We evaluated the costs and benefits of continuous high-level expression of defenses relative to naturally-induced defenses in field-grown Datura wrightii in the presence and absence of herbivores. We induced D. wrightii plants with monthly applications of the plant hormone methyl jasmonate (MeJA) and assessed levels of inducible proteinase inhibitors (Pins). MeJA application increased Pin production by 124 %, whereas the increase in Pins due to herbivory was more modest (36 %). Pin induction was costly and significantly reduced plant fitness compared to unmanipulated plants both in the presence and absence of herbivores. Although MeJA-treated plants exposed to herbivory suffered significantly less herbivore damage than unmanipulated plants exposed to herbivory, this was not accompanied by a corresponding fitness benefit. In contrast to glasshouse studies in which protected plants never expressed Pins, Pin induction occurred in field-grown plants not treated with MeJA and completely protected from herbivory.
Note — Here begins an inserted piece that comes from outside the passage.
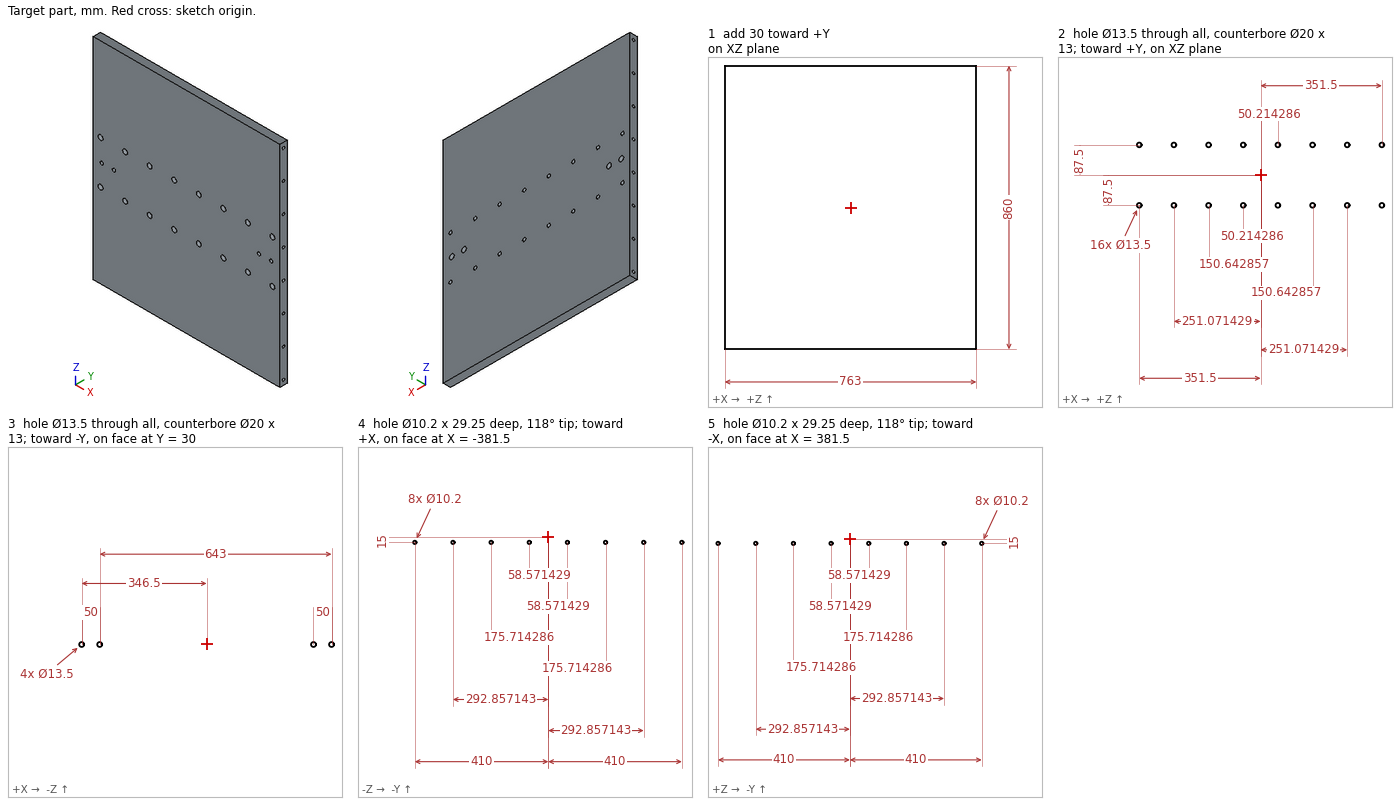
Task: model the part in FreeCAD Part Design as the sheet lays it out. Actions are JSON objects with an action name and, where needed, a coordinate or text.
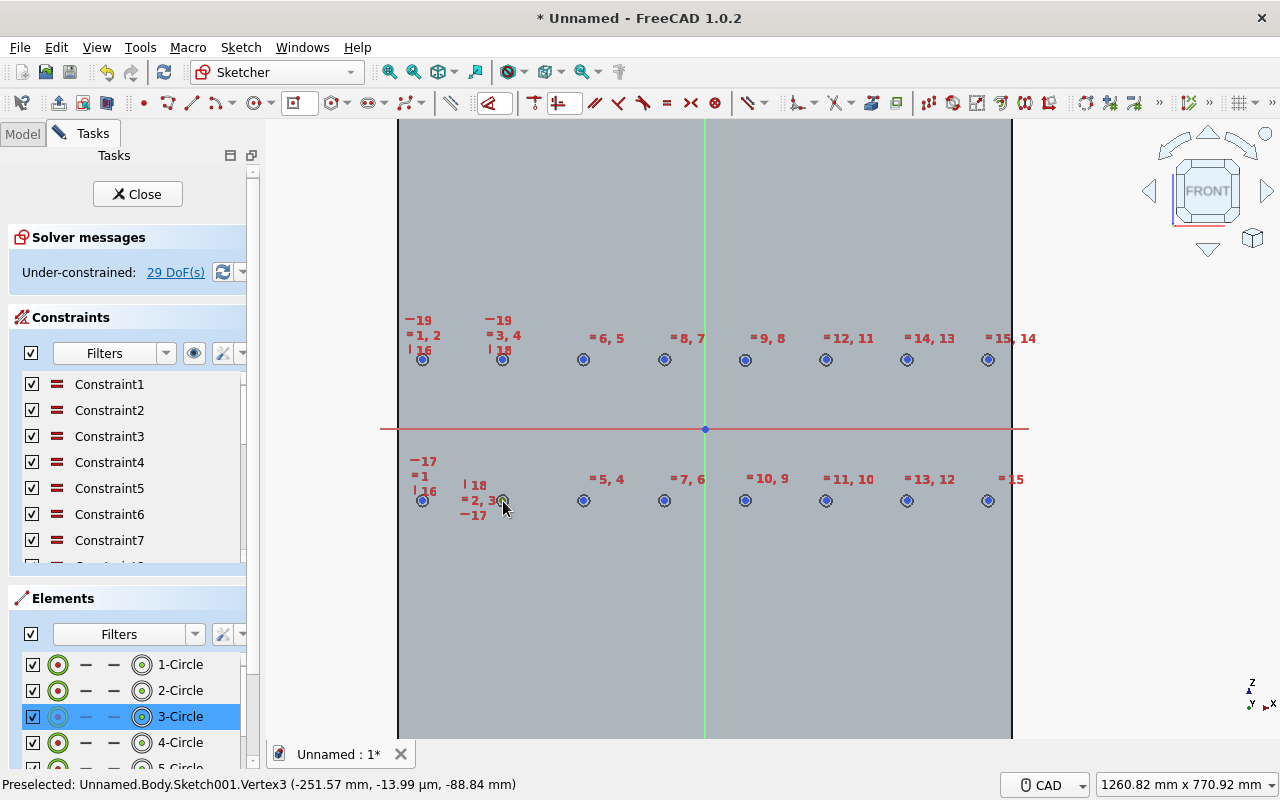
{"action": "left_click", "coordinate": [584, 501]}
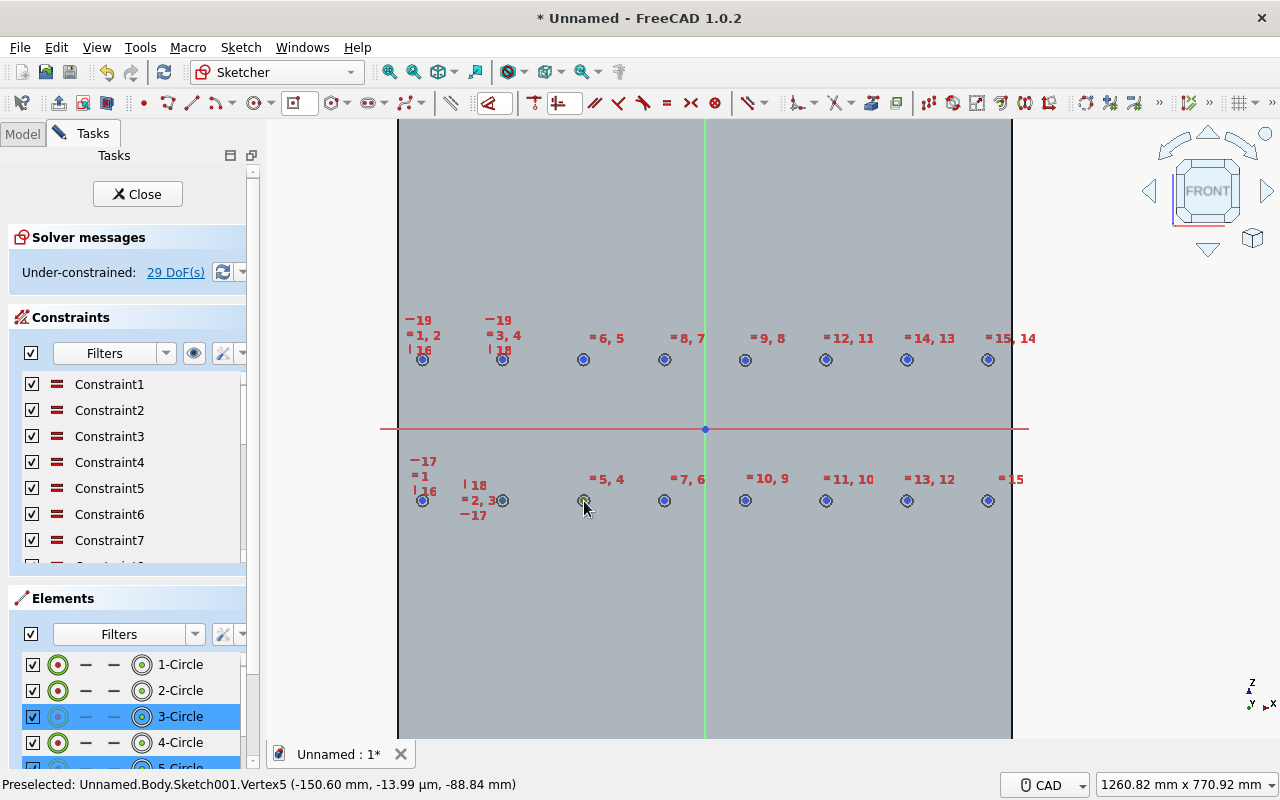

Subsequent experiments confirmed that putative herbivore defenses can be induced abiotically in D. wrightii as: 1) Pin levels did not differ significantly between field-grown plants protected from herbivory and plants exposed to chronic herbivory over the full season; and 2) plants exposed to ambient UV-B light in the absence of herbivory expressed low levels of Pins after two wk of exposure, whereas plants protected from UV-B remained uninduced. The costs of induced responses may be relatively easily determined under field conditions, but there may be many inducing agents in the field, and the benefits of induction may be difficult to associate with any single inducing agent.